- Kilogram Definition Weighed
ALBUQUERQUE, N.M., March 5, 2008 -- The kilogram is losing weight, and many in standard-measurement circles believe it should be redefined.
The kilogram is the unit of mass in the International System of Units (abbreviated as SI, from the French Le Système International d'Unités). It is now defined through an artefact known as the international prototype kept at the Bureau International des Poids et Mesures (International Bureau of Weights and Measures, or BIPM), a standards organization in Sèvres, a suburb of Paris. The International Prototype Kilogram (IPK) or “Le Grand K,” made in the 1880s, is a bar of platinum-iridium alloy kept in a vault there. (The SI is maintained by the terms of the Metre Convention, a treaty that gives authority to the General Conference on Weights and Measures, the International Committee for Weights and Measures and the BIPM.)
This international prototype, made of platinum-iridium, is kept at the BIPM under conditions specified by the first General Conference on Weights and Measures (Conférence Générale des Poids et Mesures, CGPM in 1889. (Photo courtesy International Bureau of Weights and Measures)
Of the seven units of measurement in the SI, the kilogram is the only base still defined by a physical object. In addition, copies of the kilogram have changed over time by either gaining or losing weight as compared to the standard kilogram.
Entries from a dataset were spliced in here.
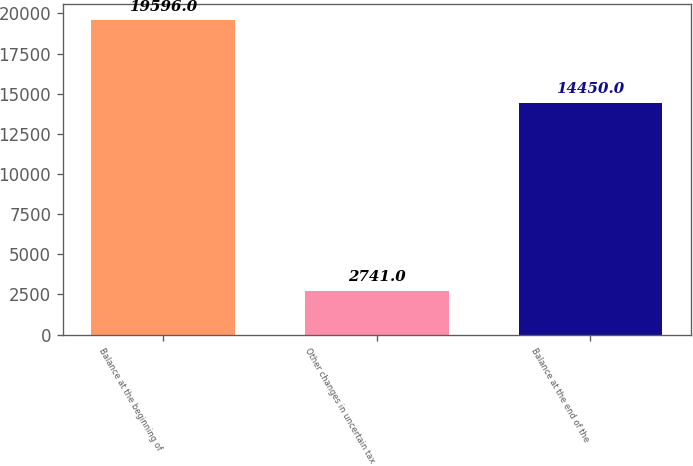<chart> <loc_0><loc_0><loc_500><loc_500><bar_chart><fcel>Balance at the beginning of<fcel>Other changes in uncertain tax<fcel>Balance at the end of the<nl><fcel>19596<fcel>2741<fcel>14450<nl></chart> 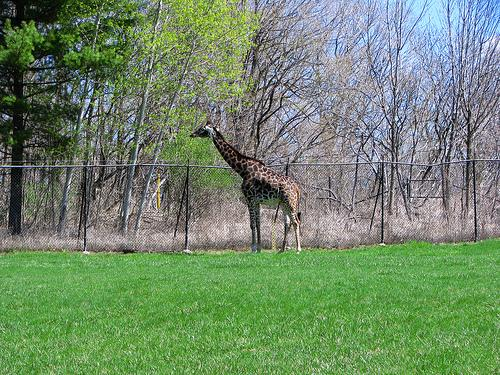Write a brief summary of the central figure in the image and the environment. A tall giraffe with brown spots grazes on leaves near a chain link fence, surrounded by green grass and trees. Provide a concise explanation of the primary animal's actions in the image. The giraffe stands near a fence, consuming foliage from trees in a grassy area. Mention the most prominent animal in the picture and its aspects. An orange and brown giraffe with four legs and a long neck is present, eating from trees in a grassy area. Explain the main subject in the picture and their activity in simple terms. A giraffe is eating leaves from trees near a fence, surrounded by grass and trees. In a single sentence, describe the scene in the image while focusing on the main subject. The image captures a tall giraffe with brown and white markings, grazing near a fence line surrounded by trees. Identify the most noticeable animal in the photo and its location. A giraffe with brown spots stands by a chain-link fence, eating leaves in the proximity of the enclosure. Provide a short description of the primary object in the image and its activity. A giraffe with brown spots is standing beside a chain link fence, eating leaves from nearby trees. Explain the position and action of the main creature in the image. A giraffe is standing by a fence line while munching on leaves from trees close to it. What is the primary animal doing in the picture, and what surrounds it? The giraffe is eating from trees, surrounded by green grass, a fence, and trees with and without leaves. Describe the principal subject of the image and its surroundings. The image shows a brown and white giraffe with a long neck standing by a fence, eating leaves from adjacent trees. 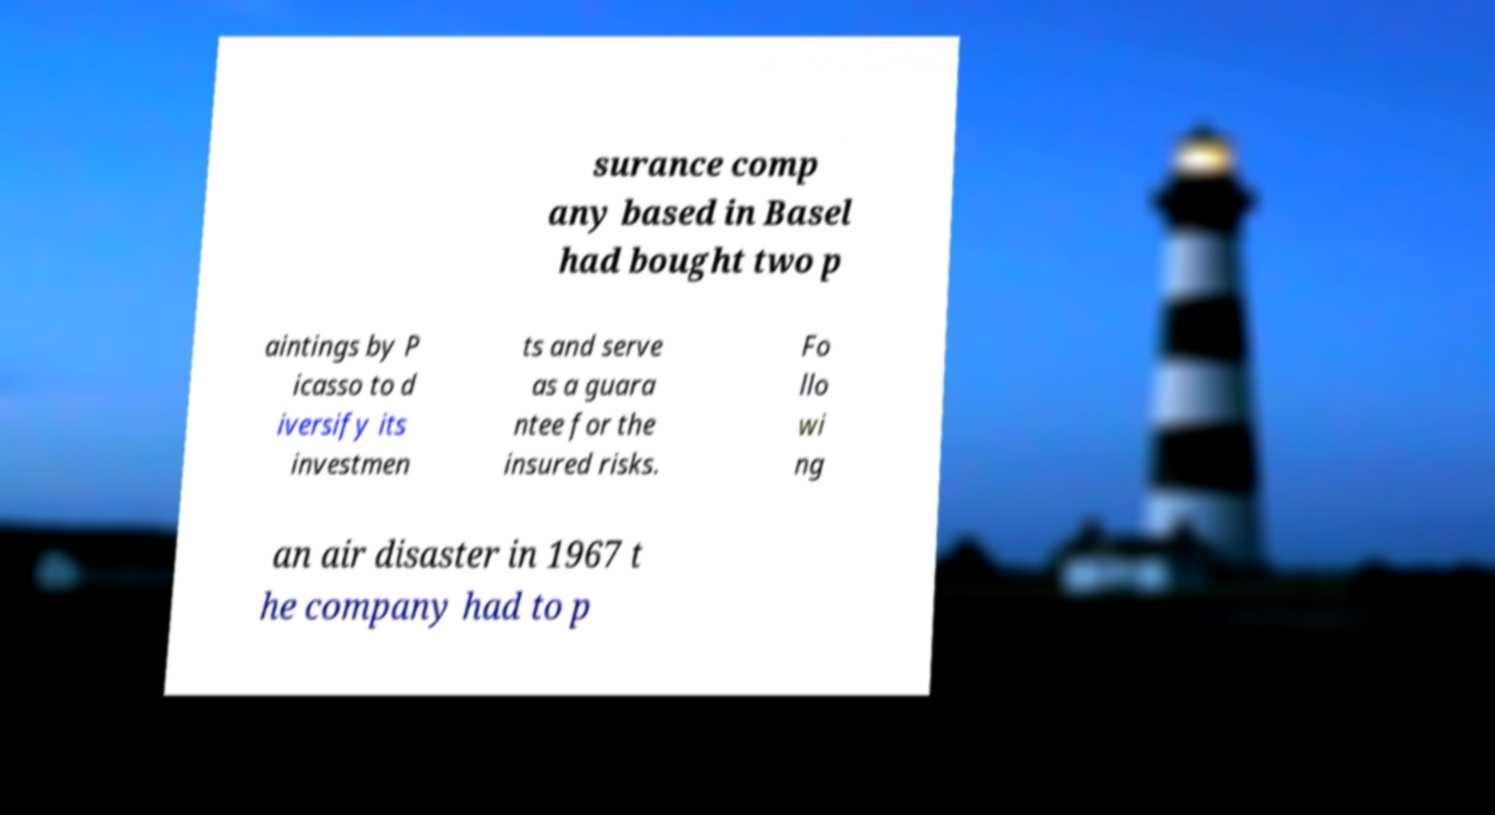Please identify and transcribe the text found in this image. surance comp any based in Basel had bought two p aintings by P icasso to d iversify its investmen ts and serve as a guara ntee for the insured risks. Fo llo wi ng an air disaster in 1967 t he company had to p

International scientists, including some at Sandia National Laboratories, think the kilogram definition should be based on universal constants, as opposed to an artifact standard.
Hy Tran, a project leader at the Primary Standards Laboratory (PSL) at Sandia, a National Nuclear Security Administration laboratory in Albequerque, N.M., said, “The idea is to replace the single master kilogram with something based on physical constants, rather than an artifact that could be damaged accidentally.”
Tran said redefining the kilogram will have little impact on the Sandia Primary Standards Lab or its broader nuclear weapons complex. The lab develops and maintains primary standards traceable to national standards and calibrates and certifies customer reference standards. “It should not affect PSL or the complex if the international metrology community ensures that they fully consider the uncertainties, the necessary experimental apparatus to realize the kilogram, and implementation issues prior to agreeing to the redefinition,” Tran said.
Hy Tran examines a kilogram sample in a mass comparator at Sandia’s Primary Standards Laboratory. (Photo: Randy Montoya)
The purpose of redefining the kilogram is based on risk reduction, Tran said. “In the long term, the redefinition -- especially if performed correctly -- is beneficial because of risk reduction and because it may enable better measurements in the future."
By replacing Le Grand K with a unit based on physical constants, researchers at multiple laboratories and at national measurement institutes could establish traceability, he said. The kilogram will remain the kilogram; only its definition will change -- by 2011 at the earliest, he added.
“If and when the redefinition takes place, it will be done in such a fashion as to have minimal or no practical impact with other measured quantities,” Tran said. “In other words, if it is redefined so as to ensure better than 10 parts per billion agreement -- rather than 20 parts per billion agreement -- then we will see no major changes immediately.”
Based on the current formal definition of the kilogram (the mass of the 1 kilogram prototype) and experimental dissemination to standards labs, the uncertainty (95 percent confidence) in PSL’s kilogram is about 40 parts per billion, compared to the IPK, Sandia said in a statement.
One part per billion is about the ratio of the area of a square 3/32 inch on a side, with respect to the area of a regulation NFL football field (including the endzones, or 120 by 53-1/3 yards), Tran said.
Ben Casados, Sandia technologist, views kilogram samples in a mass comparator. (Photo: Randy Montoya)
The target originally proposed by the International Bureau of Weights and Measures was to use one of the alternative kilogram definitions -- such as the experimental measurement of force on the watt balance (or counting atoms on the silicon sphere) to derive the kilogram, matched to experimental measurements of the prototype kilogram to within 20 parts per billion.
Sandia physicist Harold Parks said the redefinition is inevitable once certain issues are resolved.
“The watt balance method of defining the kilogram makes the most sense for those of us in electrical metrology, and so far it is the most accurate,” he said. “But other proposals, such as those based on counting the number of atoms in a silicon crystal, are being considered.”
The watt balance method is based on an idea that compares electrical and mechanical power with a high degree of accuracy. Conflicts between the results of the watt balance and atom-counting experiments will also need to be ironed out, Parks said. “The NIST (National Institute of Standards and Technology) watt balance experiment has achieved the accuracy needed to redefine the kilogram, but the experiment will need to be confirmed by other groups in order for the results to be fully accepted."
In preparation for the change, PSL staff members are staying up to date in research in metrology and standards practices; staff also participate in standards activities to ensure a smooth transition, if necessary, Sandia said.